Richtigerweise müsste die in § 5 genannte Bestimmung eine  Ausnahme von der Verpflichtung zur Erstellung eines Energieausweises betreffen und nicht eine Ausnahme von der Informations- bzw Vorlage- und Aushändigungspflicht.

Kritisiert wird, dass die Statuierung von Ausnahmen in der Richtlinie wesentlich weiter gefasst sind als die im Entwurf geplante Regelung. Besonders hart würde sich dies vor allem für Eigentümer denkmalgeschützter Gebäude sowie für Eigentümer von Gebäuden mit gegliederter Fassade auswirken. Gebäude dieser Art können niemals einen Energiestatus wie ein neues Gebäude erlangen. Eine diesbezügliche Exemtion ist daher erforderlich.

Der angegebene Katalog von Ausnahmen sollte vollständigkeitshalber auch um kurzfristige Vermietungen – etwa zu Ferienzwecken – ergänzt werden (siehe dazu die Erläuternden Bemerkungen zu § 2 Z 5 des Entwurfes).

§6

Bedenklich erscheint, dass energietechnische Eigenschaften eines zehn Jahre alten Gebäudes als bedungene Eigenschaft statuiert werden.

§ 7

Der Formulierung dieses Wahlrechts kann keinesfalls zugestimmt werden, weil eine schikanöse Rechtsausübung nicht ausgeschlossen ist.  Mit einer gerichtlichen Geltendmachung müsste  jedenfalls das Auslangen gefunden werden.

§ 9

In Ergänzung zu den bereits zu §§ 3 und 4 vorgebrachten Bedenken werden die Folgen der Unterlassung der Bekanntgabe von Energiekennzahlen in Inseraten überdies zu einer Anzeigenflut und damit zu einer massiven Überlastung der Verwaltung führen, sofern dieser Straftatbestand tatsächlich vollzogen werden soll. Die Effektivität dieser Maßnahme aus spezialpräventiver Sicht ist vor allem bei privaten Verkäufern stark in Zweifel zu ziehen.

Abs 1

Die Normierung von Verwaltungsstraftatbeständen mit einer Geldstrafe bis zu € 1450 für das Unterlassen der Bekanntgabe der Energieeffizienzklasse im Zuge einer Anzeige entspricht nicht dem Grundsatz der Verhältnismäßigkeit (vgl dazu Artikel 27 der derzeit geltenden Richtlinie).

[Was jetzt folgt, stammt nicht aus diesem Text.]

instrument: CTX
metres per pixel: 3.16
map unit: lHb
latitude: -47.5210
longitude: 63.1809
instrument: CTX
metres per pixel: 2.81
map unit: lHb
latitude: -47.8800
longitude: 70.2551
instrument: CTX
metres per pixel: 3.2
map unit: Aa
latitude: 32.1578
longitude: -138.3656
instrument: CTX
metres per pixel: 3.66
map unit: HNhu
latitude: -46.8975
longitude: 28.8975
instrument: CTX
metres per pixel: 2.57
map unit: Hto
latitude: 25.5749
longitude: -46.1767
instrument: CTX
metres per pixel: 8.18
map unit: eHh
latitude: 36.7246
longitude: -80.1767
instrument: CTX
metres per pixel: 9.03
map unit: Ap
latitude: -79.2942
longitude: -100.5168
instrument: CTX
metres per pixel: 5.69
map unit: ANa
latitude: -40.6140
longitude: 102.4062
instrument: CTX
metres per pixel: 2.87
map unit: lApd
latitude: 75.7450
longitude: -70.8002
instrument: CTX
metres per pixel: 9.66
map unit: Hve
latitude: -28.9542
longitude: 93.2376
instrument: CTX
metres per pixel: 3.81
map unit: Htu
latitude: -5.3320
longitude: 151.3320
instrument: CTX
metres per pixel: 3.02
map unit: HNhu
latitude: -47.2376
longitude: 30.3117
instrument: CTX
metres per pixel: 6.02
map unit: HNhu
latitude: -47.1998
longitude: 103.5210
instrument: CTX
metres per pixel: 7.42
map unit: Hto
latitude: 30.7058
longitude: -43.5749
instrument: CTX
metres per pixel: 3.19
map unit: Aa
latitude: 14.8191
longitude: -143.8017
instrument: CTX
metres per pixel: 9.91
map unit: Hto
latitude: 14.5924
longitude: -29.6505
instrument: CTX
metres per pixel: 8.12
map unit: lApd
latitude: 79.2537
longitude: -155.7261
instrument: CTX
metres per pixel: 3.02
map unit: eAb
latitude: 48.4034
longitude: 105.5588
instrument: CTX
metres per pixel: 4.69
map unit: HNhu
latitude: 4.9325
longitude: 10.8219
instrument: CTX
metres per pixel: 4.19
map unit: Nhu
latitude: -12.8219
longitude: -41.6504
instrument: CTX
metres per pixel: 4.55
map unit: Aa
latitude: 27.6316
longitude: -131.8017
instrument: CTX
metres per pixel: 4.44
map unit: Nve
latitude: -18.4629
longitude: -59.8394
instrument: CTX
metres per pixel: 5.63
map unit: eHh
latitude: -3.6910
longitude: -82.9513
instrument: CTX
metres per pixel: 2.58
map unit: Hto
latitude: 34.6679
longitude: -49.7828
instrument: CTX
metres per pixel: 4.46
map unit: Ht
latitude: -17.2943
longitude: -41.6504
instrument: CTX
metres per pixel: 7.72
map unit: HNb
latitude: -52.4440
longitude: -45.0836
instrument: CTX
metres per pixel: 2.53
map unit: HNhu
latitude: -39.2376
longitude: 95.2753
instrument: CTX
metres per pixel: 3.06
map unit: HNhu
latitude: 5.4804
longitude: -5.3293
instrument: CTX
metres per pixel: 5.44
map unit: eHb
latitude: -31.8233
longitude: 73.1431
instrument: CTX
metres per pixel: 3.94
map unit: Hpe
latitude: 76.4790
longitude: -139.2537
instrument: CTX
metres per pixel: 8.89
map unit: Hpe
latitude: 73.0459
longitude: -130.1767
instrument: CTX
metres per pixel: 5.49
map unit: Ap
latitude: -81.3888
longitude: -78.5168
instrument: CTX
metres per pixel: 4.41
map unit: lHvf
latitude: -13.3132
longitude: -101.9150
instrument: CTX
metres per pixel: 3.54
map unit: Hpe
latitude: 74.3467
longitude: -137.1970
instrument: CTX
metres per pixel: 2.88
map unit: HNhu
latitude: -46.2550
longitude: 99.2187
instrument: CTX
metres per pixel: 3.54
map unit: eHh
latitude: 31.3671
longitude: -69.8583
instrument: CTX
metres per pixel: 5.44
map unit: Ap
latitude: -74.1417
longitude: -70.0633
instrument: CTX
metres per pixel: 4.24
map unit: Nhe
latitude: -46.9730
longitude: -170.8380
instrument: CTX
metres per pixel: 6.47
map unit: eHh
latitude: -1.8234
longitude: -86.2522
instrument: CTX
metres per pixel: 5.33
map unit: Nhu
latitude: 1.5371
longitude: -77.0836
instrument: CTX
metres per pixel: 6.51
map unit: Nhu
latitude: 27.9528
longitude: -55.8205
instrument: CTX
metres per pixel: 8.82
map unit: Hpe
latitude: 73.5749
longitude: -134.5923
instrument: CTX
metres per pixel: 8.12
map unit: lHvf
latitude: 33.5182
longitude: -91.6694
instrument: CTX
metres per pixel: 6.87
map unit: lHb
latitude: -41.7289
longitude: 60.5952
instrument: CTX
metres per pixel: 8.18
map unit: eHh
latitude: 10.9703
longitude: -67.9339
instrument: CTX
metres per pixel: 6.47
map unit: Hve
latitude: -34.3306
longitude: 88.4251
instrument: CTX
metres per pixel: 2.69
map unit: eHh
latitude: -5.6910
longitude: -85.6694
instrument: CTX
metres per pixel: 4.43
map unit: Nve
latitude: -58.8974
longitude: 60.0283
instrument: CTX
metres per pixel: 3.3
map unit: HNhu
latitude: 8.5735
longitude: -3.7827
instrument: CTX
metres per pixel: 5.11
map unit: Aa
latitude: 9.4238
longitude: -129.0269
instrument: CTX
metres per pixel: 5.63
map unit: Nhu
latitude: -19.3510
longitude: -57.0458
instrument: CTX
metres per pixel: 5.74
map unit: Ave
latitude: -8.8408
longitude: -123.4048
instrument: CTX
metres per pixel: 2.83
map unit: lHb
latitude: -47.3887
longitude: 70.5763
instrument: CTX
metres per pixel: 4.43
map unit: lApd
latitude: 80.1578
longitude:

Keinesfalls zugestimmt werden kann der Privilegierung  von Immobilienmaklern.

Abs 2

§ 7 Abs 1 und 2 des Entwurfs normieren bestimmte zivilrechtliche Folgen unterlassener Vorlage oder Aushändigung. Unter diesem Blickwinkel stellt sich die Frage nach der Sinnhaftigkeit sowie Notwendigkeit einer zusätzlichen Bestrafung gem § 9 Abs 2.

§ 10

Im Hinblick auf das geplante Inkrafttreten dieses Bundesgesetzes mit 1.1.2012 weist der ÖHGB daraufhin, dass noch zahlreiche Energieausweise beigebracht werden müssen  und die dafür verbleibende Zeit keinesfalls ausreichend ist. Der Zeitpunkt des Inkrafttretens sollte daher unbedingt auf den 1.1.2013 verschoben werden.